Resource pricing and the evolution of congestion control

This talk will discuss the stability and fairness of rate control algorithms for communication networks. Algorithms that provide natural generalizations to large-scale networks of simple additive increase/multi-plicative decrease schemes are shown to be stable about a system optimum characterized by a proportional fairness criterion. Stability is established by showing that, with an appropriate formulation of an overall optimization problem, the network's implicit objective function provides a Lyapunov function for the dynamical system defined by the rate control algorithm. The network's optimization problem may be cast in primal or dual form: this leads to two classes of algorithm, which may be interpreted in terms of either congestion indication feedback signals or explicit rates based on shadow prices. Both classes of algorithm provide natural implementations of proportionally fair pricing, and can be viewed as "charge-aware" developments of, respectively, Jacobson's TCP algorithm and ATM available bit rate algorithms.

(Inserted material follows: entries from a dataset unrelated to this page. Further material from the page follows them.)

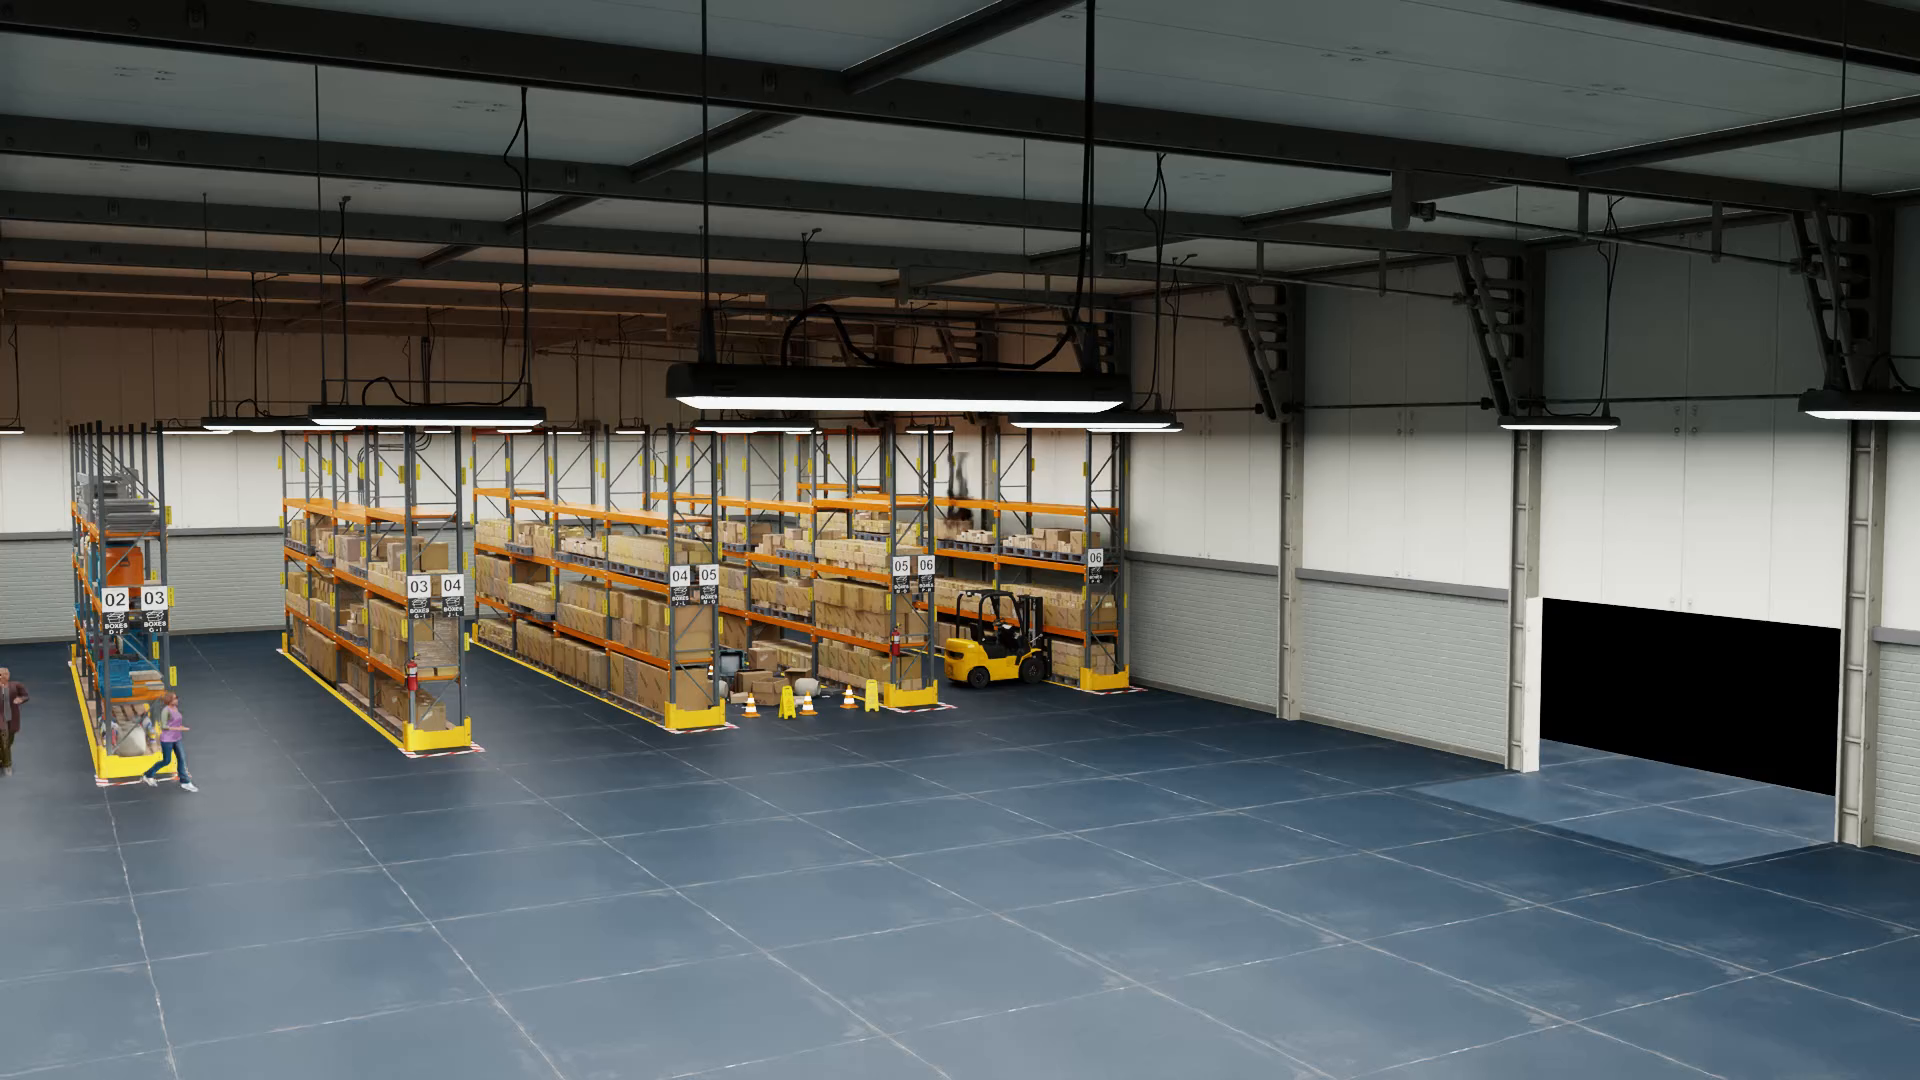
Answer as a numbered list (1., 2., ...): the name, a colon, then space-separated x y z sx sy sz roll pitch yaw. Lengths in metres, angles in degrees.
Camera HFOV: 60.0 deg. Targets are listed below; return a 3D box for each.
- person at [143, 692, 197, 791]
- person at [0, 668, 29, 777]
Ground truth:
1. person: -12.762 3.258 26.830 0.854 1.619 0.560 0 4 2
2. person: -16.274 3.175 28.403 0.680 1.616 0.971 -3 5 -42
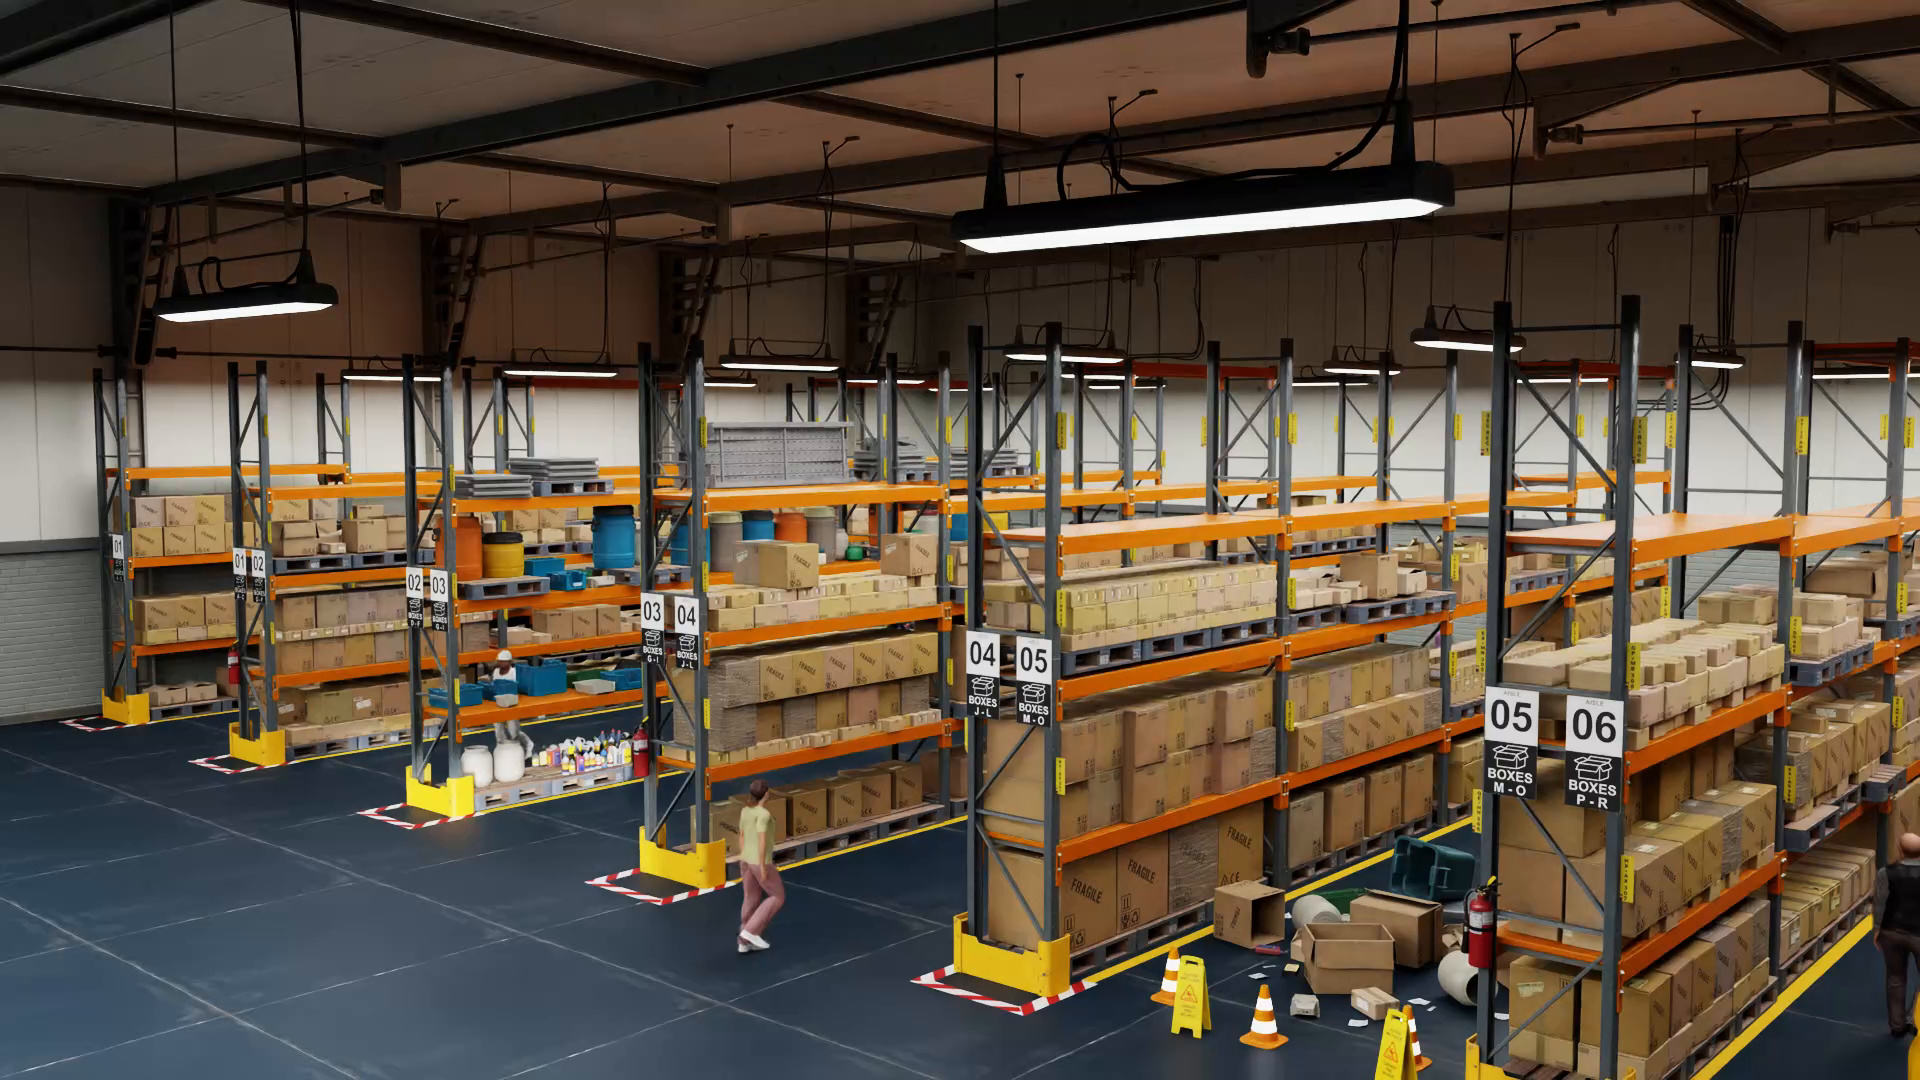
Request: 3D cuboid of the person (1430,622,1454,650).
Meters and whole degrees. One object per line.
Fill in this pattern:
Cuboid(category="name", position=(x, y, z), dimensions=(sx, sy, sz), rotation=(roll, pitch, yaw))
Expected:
Cuboid(category="person", position=(8.578, 2.191, 29.584), dimensions=(0.470, 1.604, 0.437), rotation=(1, 4, 10))

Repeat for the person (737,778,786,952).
Cuboid(category="person", position=(-1.966, 3.142, 16.088), dimensions=(0.458, 1.658, 0.486), rotation=(-3, 5, -36))

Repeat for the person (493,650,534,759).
Cuboid(category="person", position=(-6.681, 2.481, 24.776), dimensions=(0.635, 1.744, 0.666), rotation=(2, 4, 20))

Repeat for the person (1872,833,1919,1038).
Cuboid(category="person", position=(7.884, 3.296, 13.812), dimensions=(0.549, 1.720, 0.524), rotation=(4, 6, 42))

As an application of the theory, the talk will conclude with a discussion of ways in which the transmission control protocol of the Internet may evolve to support heterogeneous applications. The claim will be made that by appropriately marking packets at overloaded resources and by charging a fixed small amount for each mark received, end-nodes are provided with the necessary information and the correct incentive to use the network efficiently.

This talk is based on joint work with Richard Gibbens, Aman Maulloo and David Tan.